[tied] Re: Creole Romance? [was: Thracian , summing up]

From: tgpedersen
Message: 23931
Date: 2003-06-27

>
> > As time goes, creoles are superseded by still more credible
> > imitations of the donor.
>
> Who says so?

Watch your TV. Creoles are being replaced with 'proper' English or
French.


>
> > "The opposite view" of those who disagreed with me was
> >
> > 1) There is no variation by region in the type of vulgar Latin
that
> > is found in the Roman provinces.
>
> Up to some historical moment. When central power collapsed, several
> different convergence areas arose naturally.
Much earlier than the Strasbourg oaths.


> > 2) We can follow step by step the progression from Latin to the
> > modern Romance languages.
> >
> > I find it difficult to reconcile the two statements.
>
> So you find difficult to accept that people speaking initially
> the same language can split into several different populations,
> ending up by speaking different tongues?!
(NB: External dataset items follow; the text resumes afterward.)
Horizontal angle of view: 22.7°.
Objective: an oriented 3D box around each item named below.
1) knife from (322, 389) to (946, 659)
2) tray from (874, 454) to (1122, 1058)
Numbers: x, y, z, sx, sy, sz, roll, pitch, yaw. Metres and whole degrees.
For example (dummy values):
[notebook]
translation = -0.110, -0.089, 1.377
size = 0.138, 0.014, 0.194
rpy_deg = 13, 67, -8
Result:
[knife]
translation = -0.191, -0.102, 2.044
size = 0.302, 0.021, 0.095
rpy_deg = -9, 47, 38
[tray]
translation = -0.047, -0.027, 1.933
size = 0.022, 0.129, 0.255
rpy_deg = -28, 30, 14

No, I find it difficult to reconcile it with the traditional view of
the Latin to Romance transition as a smooth continuous process.


> > Any encyclopedia article on a Romance language will tell you:
> > "the first text in Romance language X is ... in the year ...".
> > It seems to me there is assumed to be a break here.
>
> There is really a break, but not in the language which evolves
> continuously. The break is in attestation and recognizing the
> evolution has gone far enough.
>
In other words, we can't follow in detail the development in stages
from Latin to the Romance language, but we strongly believe that's
what happened.


> > To give an example: French is supposed to have begun with the
> > Strasbourg oaths.
>
> No. Strasbourg Oaths mark the first clear Romance text, recognized
> as such (in opposition with Latin). French starts conventionally
> with Strasbourg Oaths, but the day before Ludwig pronouncing the
> canonical text "Pro Deo amur [...]", people in Gaul were still
> speaking the same vernacular.
>
If people in Gaul were all speaking the same vernacular, why the anti-
patois excesses of the Revolutionary French government? And the
Strasbourg oath don't passively register or 'mark' anything, they
were created by a political act; a Latin oath alone would not have
been secular enough, a German one alone would not have assured the
loyalty of the nobility of the French-speaking nobility, therefore:
parallel texts in German and whatever good people spoke in a suitable
western region of the realm.


> > It is interesting to learn from one of the latest postings that
> > Charlemagne insisted on a "correct" pronunciation of Latin.
>
> No, this is a different story. I think you should read first that
> chapter from Dag Norberg's book reccomended by Piotr some time ago,
> which is called "A brief history of Medieval Latin". You find the
> pdf in the "Files" section of cybalist.
>
But I was not interested in Medieval Latin in isolation, but in how a
gap appeared between Medieval Latin and Old French.


> > This looks like going half the way down the path of creoles,
>
> Looks like but it isn't. For the very same diachronical reasons.
>
> > but why don't we have a word for that phenomenon?
>
> We do have. "Continuous evolution" fits well.
>
It doesn't fit what I describe.


> > As for the fact that no pidgin or creole Latin has been found:
what
> > about those semi-intelligible inscriptions that make experts give
> > up?
>
> What are you talking about? Graffiti?! Just look on your walls
> and try to understand what's written there.
>

That'll be difficult. Most of them are in languages I don't speak.